Interpreting this stepwise output

  • Adding south as a variable completely alters the analysis.
  • In Model 2, South is added to Reagan as a second explanatory variable, raising the R2 from .81 to .85.
  • In Model 3, once South is controlled for, %Black enters the equation as a significant variable (.05 level), raising the R2 to ,88.
  • However, %Women is not added into the equation to further increase the explanation:
    • As shown in the Excluded Variables table above, it is only significant at .612 -- which is well short of .05 and so not added.
    • In truth, there is relatively little variance among states in % women, making that a weak explanatory variable. 
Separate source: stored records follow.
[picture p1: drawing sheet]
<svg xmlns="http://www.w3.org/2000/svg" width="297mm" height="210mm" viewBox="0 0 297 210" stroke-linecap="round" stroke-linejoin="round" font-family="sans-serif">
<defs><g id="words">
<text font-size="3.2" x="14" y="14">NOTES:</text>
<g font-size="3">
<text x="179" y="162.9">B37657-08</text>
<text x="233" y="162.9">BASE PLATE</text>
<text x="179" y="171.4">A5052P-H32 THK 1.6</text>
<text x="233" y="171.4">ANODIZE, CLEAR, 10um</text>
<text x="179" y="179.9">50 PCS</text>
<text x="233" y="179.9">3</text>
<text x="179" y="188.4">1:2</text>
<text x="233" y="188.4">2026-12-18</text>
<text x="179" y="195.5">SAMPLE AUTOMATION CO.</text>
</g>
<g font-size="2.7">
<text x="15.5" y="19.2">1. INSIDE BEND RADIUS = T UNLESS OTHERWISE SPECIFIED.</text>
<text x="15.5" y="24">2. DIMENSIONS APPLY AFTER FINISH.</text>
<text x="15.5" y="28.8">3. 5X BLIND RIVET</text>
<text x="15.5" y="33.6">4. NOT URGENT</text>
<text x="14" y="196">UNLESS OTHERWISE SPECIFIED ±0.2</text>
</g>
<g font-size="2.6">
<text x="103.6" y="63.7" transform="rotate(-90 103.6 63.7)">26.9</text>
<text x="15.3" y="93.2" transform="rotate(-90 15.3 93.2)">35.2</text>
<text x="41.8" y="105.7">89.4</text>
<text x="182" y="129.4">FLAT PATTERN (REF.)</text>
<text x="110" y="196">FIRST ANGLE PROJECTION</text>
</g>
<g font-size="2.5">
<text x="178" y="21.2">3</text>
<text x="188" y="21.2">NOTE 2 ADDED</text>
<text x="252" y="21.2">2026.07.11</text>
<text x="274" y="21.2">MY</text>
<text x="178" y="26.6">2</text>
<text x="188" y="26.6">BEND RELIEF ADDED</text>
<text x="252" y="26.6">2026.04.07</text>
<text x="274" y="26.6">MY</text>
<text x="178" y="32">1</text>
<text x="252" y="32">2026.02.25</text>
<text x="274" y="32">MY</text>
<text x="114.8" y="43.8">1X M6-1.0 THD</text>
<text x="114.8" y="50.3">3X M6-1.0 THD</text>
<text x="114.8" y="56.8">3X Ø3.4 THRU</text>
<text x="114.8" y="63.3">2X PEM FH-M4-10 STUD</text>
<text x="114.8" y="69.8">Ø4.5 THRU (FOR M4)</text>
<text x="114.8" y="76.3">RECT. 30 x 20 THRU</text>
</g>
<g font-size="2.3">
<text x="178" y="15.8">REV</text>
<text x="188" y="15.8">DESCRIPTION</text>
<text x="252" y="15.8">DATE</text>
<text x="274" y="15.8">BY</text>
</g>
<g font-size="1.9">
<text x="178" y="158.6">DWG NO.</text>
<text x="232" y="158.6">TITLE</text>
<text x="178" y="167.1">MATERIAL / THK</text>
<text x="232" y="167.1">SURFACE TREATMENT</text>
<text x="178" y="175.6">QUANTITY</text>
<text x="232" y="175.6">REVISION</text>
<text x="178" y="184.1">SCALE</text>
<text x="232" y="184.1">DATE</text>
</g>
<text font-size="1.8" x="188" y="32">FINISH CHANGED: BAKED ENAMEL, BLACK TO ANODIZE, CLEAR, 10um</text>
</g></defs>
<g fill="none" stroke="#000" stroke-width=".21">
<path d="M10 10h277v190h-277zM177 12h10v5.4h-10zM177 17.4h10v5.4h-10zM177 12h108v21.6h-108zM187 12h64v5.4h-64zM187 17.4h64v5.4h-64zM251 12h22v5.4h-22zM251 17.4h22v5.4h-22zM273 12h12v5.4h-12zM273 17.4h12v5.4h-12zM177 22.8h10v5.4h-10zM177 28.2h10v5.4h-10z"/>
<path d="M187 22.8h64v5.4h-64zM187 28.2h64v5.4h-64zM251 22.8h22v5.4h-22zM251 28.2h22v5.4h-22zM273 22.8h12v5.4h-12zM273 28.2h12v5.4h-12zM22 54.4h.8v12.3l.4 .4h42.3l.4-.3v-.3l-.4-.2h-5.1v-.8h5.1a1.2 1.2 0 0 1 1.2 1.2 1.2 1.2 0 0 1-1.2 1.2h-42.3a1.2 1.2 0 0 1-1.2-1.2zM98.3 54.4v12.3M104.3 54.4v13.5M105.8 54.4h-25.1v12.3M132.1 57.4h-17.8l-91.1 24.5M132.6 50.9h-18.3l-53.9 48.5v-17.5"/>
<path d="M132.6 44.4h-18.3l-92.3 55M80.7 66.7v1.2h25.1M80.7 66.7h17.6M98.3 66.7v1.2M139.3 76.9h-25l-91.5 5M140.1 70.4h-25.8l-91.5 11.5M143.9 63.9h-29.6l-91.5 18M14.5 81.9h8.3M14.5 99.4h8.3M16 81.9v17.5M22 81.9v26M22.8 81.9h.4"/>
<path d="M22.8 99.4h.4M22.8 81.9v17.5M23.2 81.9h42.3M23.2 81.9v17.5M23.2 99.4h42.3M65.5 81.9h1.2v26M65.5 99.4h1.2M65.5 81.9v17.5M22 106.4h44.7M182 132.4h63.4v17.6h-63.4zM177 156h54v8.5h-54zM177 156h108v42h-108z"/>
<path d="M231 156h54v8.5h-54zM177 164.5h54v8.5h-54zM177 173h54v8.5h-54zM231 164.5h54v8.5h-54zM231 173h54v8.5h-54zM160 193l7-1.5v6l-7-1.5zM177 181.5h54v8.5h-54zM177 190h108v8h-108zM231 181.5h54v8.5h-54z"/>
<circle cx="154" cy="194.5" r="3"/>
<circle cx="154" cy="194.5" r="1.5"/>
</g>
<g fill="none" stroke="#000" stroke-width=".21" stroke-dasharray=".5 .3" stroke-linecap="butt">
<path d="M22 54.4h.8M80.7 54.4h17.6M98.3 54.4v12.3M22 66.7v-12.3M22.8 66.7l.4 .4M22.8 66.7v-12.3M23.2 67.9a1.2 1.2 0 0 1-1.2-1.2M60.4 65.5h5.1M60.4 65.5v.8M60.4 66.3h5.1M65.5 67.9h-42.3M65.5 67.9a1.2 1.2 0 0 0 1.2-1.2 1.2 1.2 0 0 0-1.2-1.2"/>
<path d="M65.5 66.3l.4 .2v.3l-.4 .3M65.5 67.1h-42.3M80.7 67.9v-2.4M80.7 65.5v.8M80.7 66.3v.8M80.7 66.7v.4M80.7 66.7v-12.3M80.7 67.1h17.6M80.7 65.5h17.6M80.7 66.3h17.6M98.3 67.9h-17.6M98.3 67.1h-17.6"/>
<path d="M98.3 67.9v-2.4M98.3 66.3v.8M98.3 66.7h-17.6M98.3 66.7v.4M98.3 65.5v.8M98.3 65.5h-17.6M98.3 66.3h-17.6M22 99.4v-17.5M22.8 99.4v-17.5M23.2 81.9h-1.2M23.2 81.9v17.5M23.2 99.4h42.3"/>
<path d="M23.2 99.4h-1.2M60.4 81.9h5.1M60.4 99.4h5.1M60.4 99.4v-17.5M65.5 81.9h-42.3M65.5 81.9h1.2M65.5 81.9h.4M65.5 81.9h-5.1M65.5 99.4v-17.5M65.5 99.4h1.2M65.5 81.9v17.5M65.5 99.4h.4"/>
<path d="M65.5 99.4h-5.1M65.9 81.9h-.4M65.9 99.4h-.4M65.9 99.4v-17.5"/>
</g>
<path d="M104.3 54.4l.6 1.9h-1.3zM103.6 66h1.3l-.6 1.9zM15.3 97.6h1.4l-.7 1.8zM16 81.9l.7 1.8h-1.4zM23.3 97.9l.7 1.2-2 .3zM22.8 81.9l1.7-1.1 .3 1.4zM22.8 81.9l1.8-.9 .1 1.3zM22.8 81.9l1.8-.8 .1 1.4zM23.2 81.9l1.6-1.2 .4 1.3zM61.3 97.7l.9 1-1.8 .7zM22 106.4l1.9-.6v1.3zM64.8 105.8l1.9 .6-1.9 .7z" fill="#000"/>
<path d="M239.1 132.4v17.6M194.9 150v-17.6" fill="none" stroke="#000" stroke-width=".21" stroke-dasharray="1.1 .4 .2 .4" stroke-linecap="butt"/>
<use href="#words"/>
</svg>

Interpreting the regression coefficients in the REGRESSION printout:

  •  REGRESSION coefficients
    • Regression coefficients are embedded within a regression EQUATION
      • "b" coefficients are "unstandardized" coefficients and can be interpreted using the scale of measurement for the raw data.
      • "beta" coefficients are "standardized" and must be interpreted in terms of "standard deviation" units.
      • Because of the standardization, "beta" coefficients can be compared WITHIN equations; "b" coefficients cannot.
    • The regression coefficients in a multiple regression equation are "partial" coefficients because they state the "effect" of a given independent variable on the dependent variable while "controlling" for effects of other variables in the equation.
    • Regression coefficients measure CHANGE in Y, not percent of variance explained.
  •   CORRELATION coefficients:
    • Measure the STRENGTH of a relationship, i.e., the fit of observed Y values around the line representing predicted Y values according to a regression equation.
    • Simple correlations pertain to bivariate relationships involving only one independent variable and are expressed by r.
    • Multiple correlations pertain to multivariate relationships using multiple independent variables and are expressed by R.
    • The regression procedure refers to the "partial" correlations of variables not in the equation to choose which variables (if any) are to be added to the equation next.
      • Partial correlations computed by regression pertain to the correlation between a dependent variable, Y, and an independent variable, Xi, out of the equation while "controlling for" the effects of the other independent variables already in the equation.
      • In essence, partial correlations express the correlation between the residuals (i.e., deviations) of Y regressed on Xi and the residuals around the line of the regression equation built from the other variables in the equation.